JDK-8183390 : Fix and re-enable post loop vectorization
  • Type: Bug
  • Component: hotspot
  • Sub-Component: compiler
  • Affected Version: 9,10,11,12,13,14,15,16,17,18,19
  • Priority: P3
  • Status: Resolved
  • Resolution: Fixed
  • Submitted: 2017-07-03
  • Updated: 2022-07-08
  • Resolved: 2022-04-05
The Version table provides details related to the release that this issue/RFE will be addressed.

Unresolved : Release in which this issue/RFE will be addressed.
Resolved: Release in which this issue/RFE has been resolved.
Fixed : Release in which this issue/RFE has been fixed.
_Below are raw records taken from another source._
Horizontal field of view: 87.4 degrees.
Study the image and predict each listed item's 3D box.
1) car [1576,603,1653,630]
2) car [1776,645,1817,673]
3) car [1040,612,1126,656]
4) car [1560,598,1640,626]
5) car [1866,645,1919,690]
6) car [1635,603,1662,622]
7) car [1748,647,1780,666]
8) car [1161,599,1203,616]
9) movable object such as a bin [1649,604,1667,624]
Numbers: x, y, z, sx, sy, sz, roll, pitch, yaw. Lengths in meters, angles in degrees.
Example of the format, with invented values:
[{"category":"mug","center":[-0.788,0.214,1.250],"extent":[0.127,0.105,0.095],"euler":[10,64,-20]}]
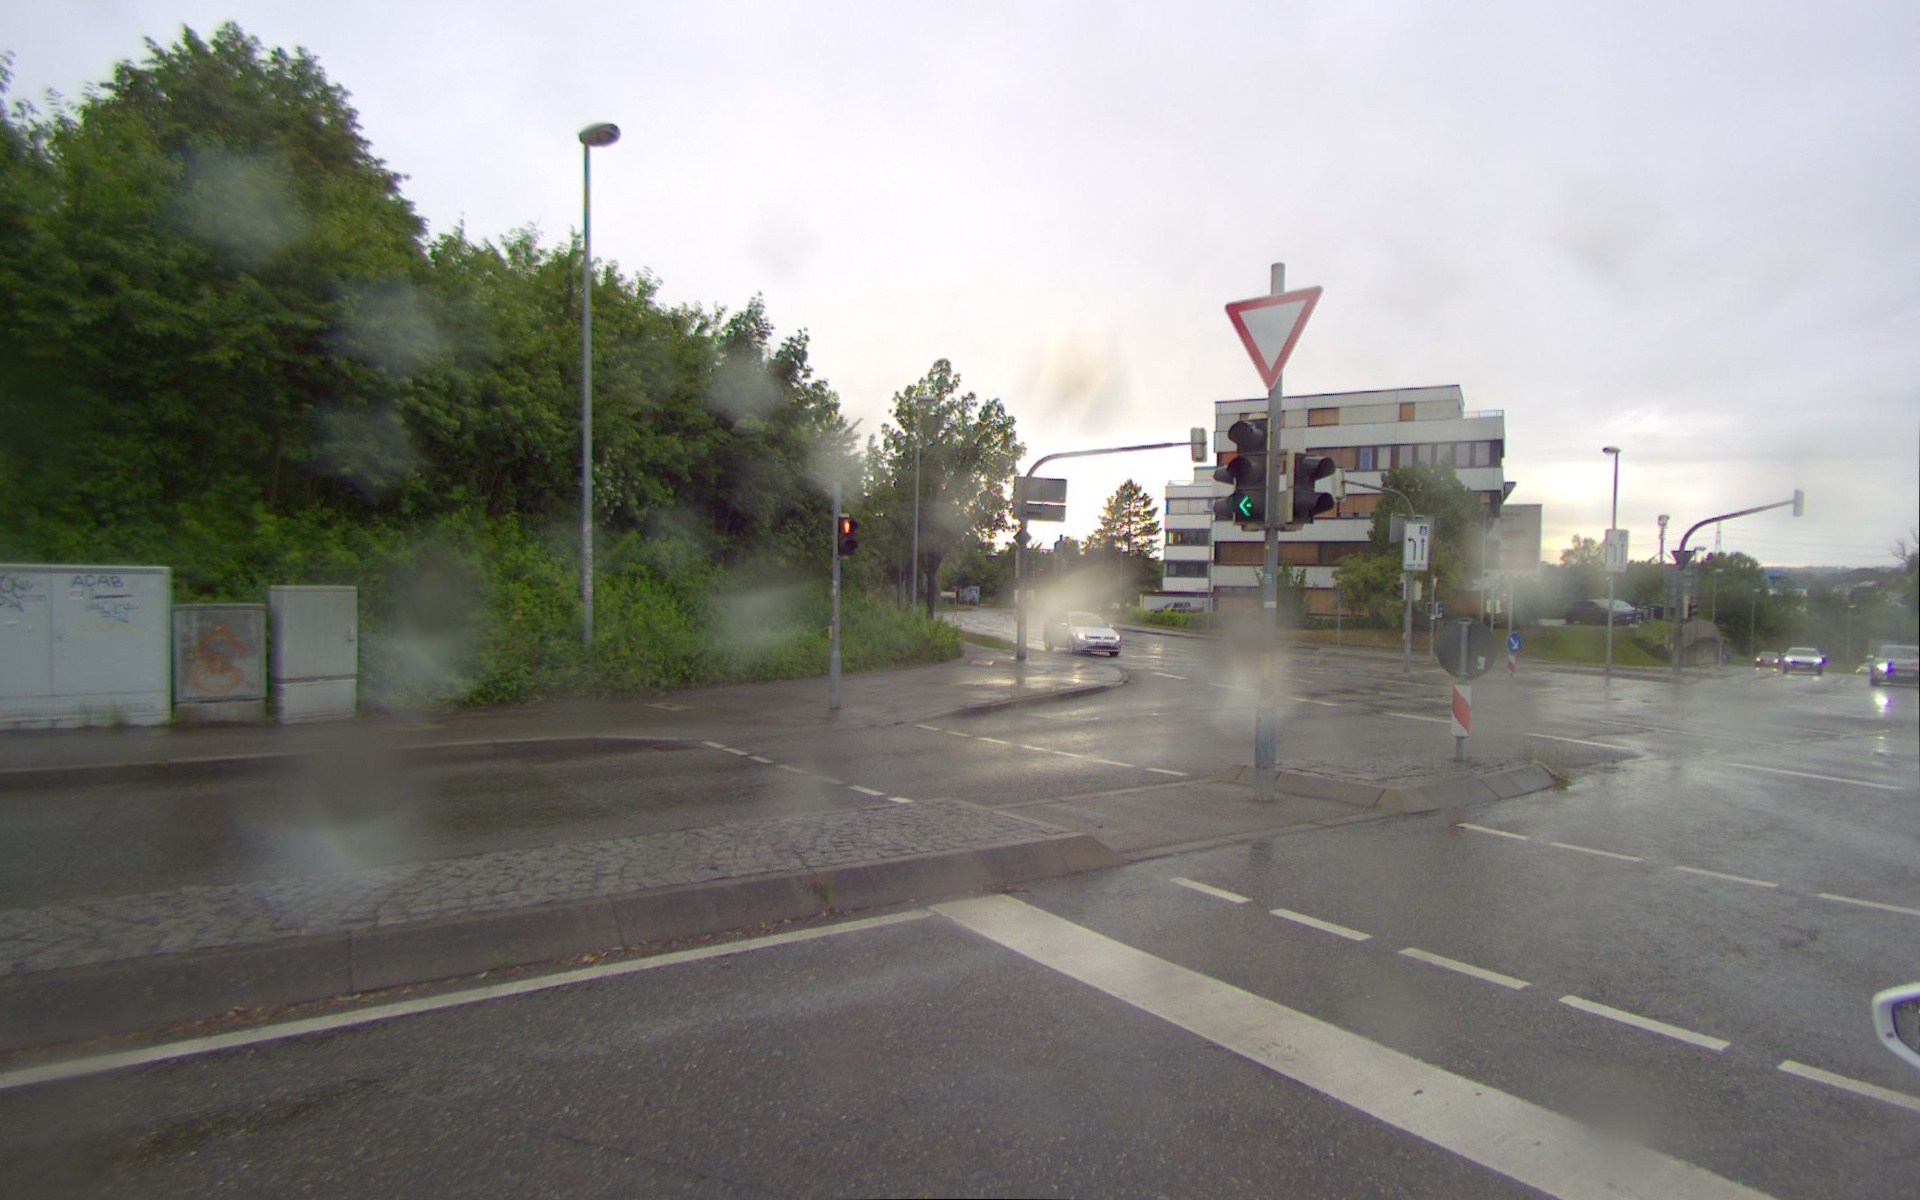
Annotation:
[{"category":"car","center":[43.595,1.093,67.009],"extent":[1.872,1.607,3.985],"euler":[4,-1,-17]},{"category":"car","center":[50.190,3.511,60.216],"extent":[1.701,1.514,3.979],"euler":[2,-1,42]},{"category":"car","center":[4.347,1.179,36.216],"extent":[1.731,1.381,4.523],"euler":[2,0,-11]},{"category":"car","center":[41.646,0.759,65.449],"extent":[1.874,1.607,3.980],"euler":[4,-1,-21]},{"category":"car","center":[34.594,2.455,37.068],"extent":[1.643,1.514,3.979],"euler":[2,-1,42]},{"category":"car","center":[60.489,1.098,88.279],"extent":[1.802,1.461,3.990],"euler":[4,-1,33]},{"category":"car","center":[72.663,5.054,90.781],"extent":[1.872,1.475,3.988],"euler":[2,0,34]},{"category":"car","center":[21.229,0.715,95.956],"extent":[3.685,1.418,2.000],"euler":[2,0,19]},{"category":"movable object such as a bin","center":[54.914,1.089,79.049],"extent":[1.069,1.455,1.443],"euler":[4,-1,33]}]

The release containing this fix may be available for download as an Early Access Release or a General Availability Release.

To download the current JDK release, click here.
JDK 19
19 b17Fixed
Related Reports
Duplicate :  
Duplicate :  
Relates :  
Relates :  
Relates :  
Relates :  
The fix for JDK-8183103 disabled PostLoopMultiversioning and AVX=3 in JDK 9 by default due to problems with the vectorization of post loops.
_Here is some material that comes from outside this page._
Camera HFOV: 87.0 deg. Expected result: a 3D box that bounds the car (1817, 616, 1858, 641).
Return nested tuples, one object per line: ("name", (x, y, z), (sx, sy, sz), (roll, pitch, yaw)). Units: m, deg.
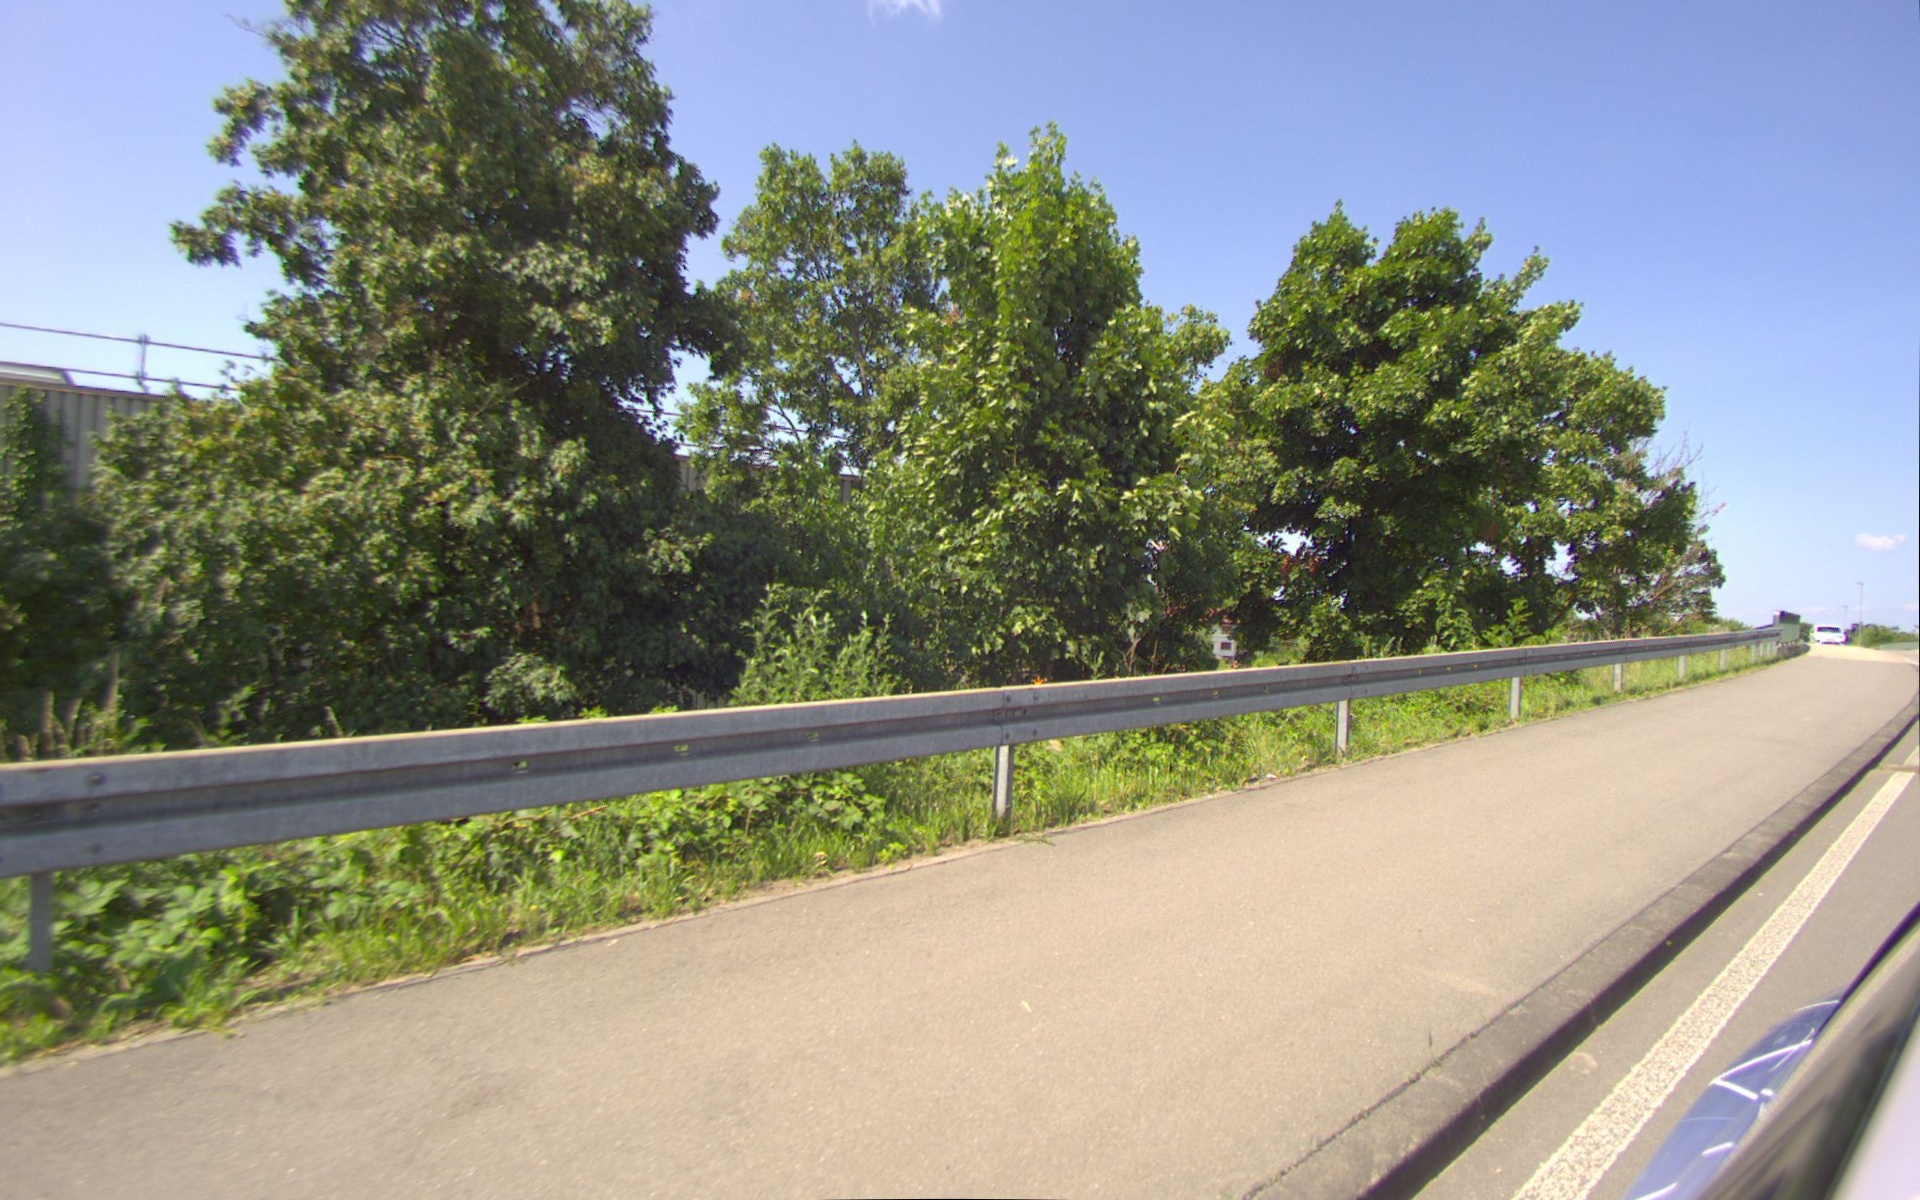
("car", (67.338, 2.162, 77.709), (2.083, 1.783, 4.223), (1, -1, 38))

We should implement a full fix and re-enable both features in JDK 10 (or a JDK 9 update release).
This is an experimental feature fix and it's based on masked vector matching rules introduced in JDK18. So no need to backport.

Changeset: 741be461 Author: Pengfei Li <pli@openjdk.org> Date: 2022-04-05 23:50:13 +0000 URL: https://git.openjdk.java.net/jdk/commit/741be46138c4a02f1d9661b3acffb533f50ba9cf

Also attached my slides as a design doc for future reference https://bugs.openjdk.java.net/secure/attachment/98430/JDK-8183390.pdf

JMH tests results (Cipher parts) on Arm Neoverse v1 AESGCMBench.decrypt -0.14% AESGCMBench.decryptMultiPart 1.24% AESGCMBench.encrypt 6.17% AESGCMBench.encryptMultiPart 1.94% AESGCMByteBuffer.decrypt -1.97% AESGCMByteBuffer.decrypt 0.28% AESGCMByteBuffer.decryptMultiPart -0.93% AESGCMByteBuffer.decryptMultiPart 0.13% AESGCMByteBuffer.encrypt 3.55% AESGCMByteBuffer.encrypt 5.53% AESGCMByteBuffer.encryptMultiPart -0.77% AESGCMByteBuffer.encryptMultiPart 3.88% CipherBench.ChaCha20Poly1305.decrypt -1.64% CipherBench.ChaCha20Poly1305.encrypt -1.33% CipherBench.GCM.decrypt 0.05% CipherBench.GCM.encrypt 0.45% KeyAgreementBench.EC.generateSecret -0.24% KeyAgreementBench.XDH.generateSecret 0.10% KeyPairGeneratorBench.generateKeyPair 0.03% KeyPairGeneratorBench.generateKeyPair 10.99% It looks there are more regressions on x86, more improvements on AArch64 SVE.

Performance testing found few regressions (x64) based on both performance runs: Crypto-ChaCha20Poly1305.encrypt ~2% Crypto-EC.generateSecret ~3.5% Crypto-XDH.generateSecret ~1.7% Renaissance-ChiSquare ~1.2% And no noticeable confirmed improvements.

I attached log from TestSuperwordFailsUnrolling test failure. It is the only failure.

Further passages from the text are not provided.